A SETTLOR must DELIVER TRUST PROPERTY to a TRUSTEE for the purpose of BENEFICIARIES with the INTENT TO CREATE A TRUST that exists for a lawful purpose
What is the legal capacity requirement for creation of a trust?
Must be 18 years old
When is delivery not required for a trust?
For a testamentary or self-declaratory trust
What are the requirements for delivery?
1) For an inter vivos trust that names third party as trustee the corpus must be delivered
2) Must contain intent to convey legal title to trustee
What is a trust?
A trust is the separation of legal title and beneficial enjoyments
What are the requirements of trust property?
Must be conveyed to trustee.
The subject matter must be CERTAIN AND ASCERTAINABLE
What are the requirements for a trustee?
1) Must have legal capacity to enter contracts
2) If out of state, must appoint resident agent for service of process. If bank or trust company, cannot serve as testamentary trustee unless authorized in Virginia.
What are the requirements for a beneficiary?
If Private must be DEFINITATIVE and ASCERTAINABLE
If charitable beneficiaries cannot be INDIVIDUALS
Are oral trusts valid?
Only if proven by CLEAR AND CONVINCING EVIDENCE
What happens if a settlor doesn't provide for a trustee?
A trust can still be valid if clearly manifested intent to create a trust. A court will appoint a trustee.
What is default rule for inter vivos trusts created by a settlor on or after July 1, 2006 in regard to revocabaility?
Revocable unless will says otherwise
What is default rule for inter vivos trusts created by a settlor BEFORE July 1, 2006 in regard to revocabaility?
Irrevocable unless said otherwise
What is a pour over will?
It allows a will to add to the assets of a trust even if trust created AFTER execution of will.
What is a self-declaration as trust? Is it valid in Virginia?
Yes it is valid in Virginia. It's when settlor declares herself as a beneficiary.
When can you contest a validity of a trust? (SOL)
Earlier of

2 years after settlors death OR

6 months after trustee sent a person a copy of the trust intstrument
When can a trustee NOT distribute trust property in accordance with terms of trust?
1) Trustee knows of pending judicial proceeding
2) Person notifies trustee she is filing suit in and the suit starts in 60 days.
What are the requirements for a charitable trust?
1) Must be for a charitable purpose
2) Favor of indefinate number of beneficiaries
When does the doctrine of cy pres mean? When does it come in effect?
Cy Pres means making the trust conform with a close-to intent of testator.

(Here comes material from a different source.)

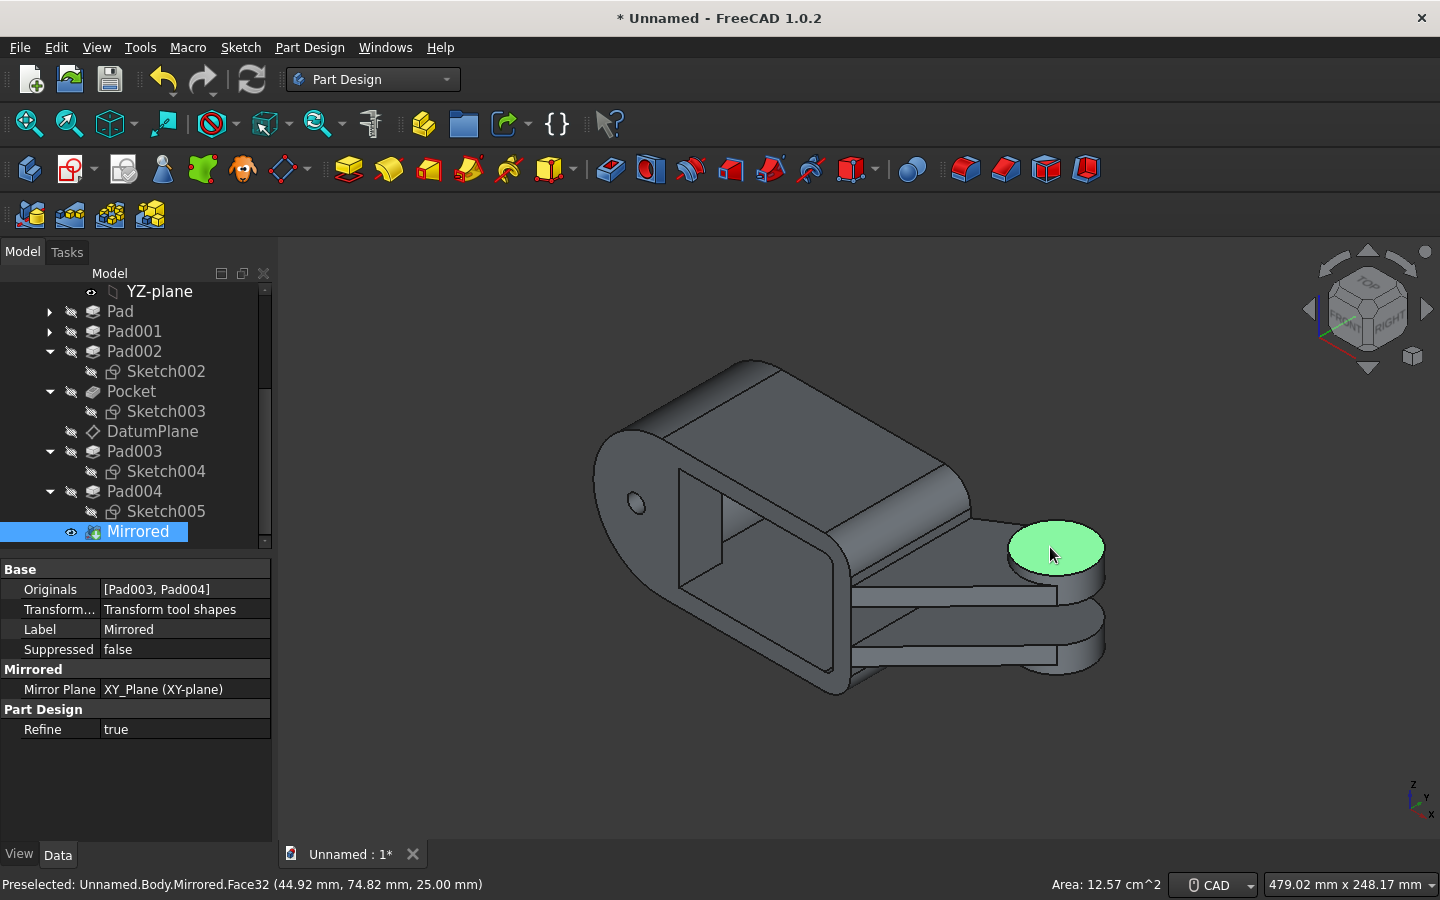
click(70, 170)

It should come in effect if
1)trust becomes unlawful, impractiable, impossible to achieve or wasteful
2) Trust does not fail in whole or in part and
3) Trust does not revert to settlor
What is an honorary trust?
A trust for a animals ALIVE during settlor's lifetime. It terminates at death of animal.

A trust to maintain a cemetery will be ok.
What is a constructive trust? When is it used?
It is an equitable device to remedy a bad act.

The bad requires
1) Wrongful conduct and
2) unjust enrichment
What is a purchase money resulting trust? What is the result?
It is a resulting trust when A pays for land, but gives title to B.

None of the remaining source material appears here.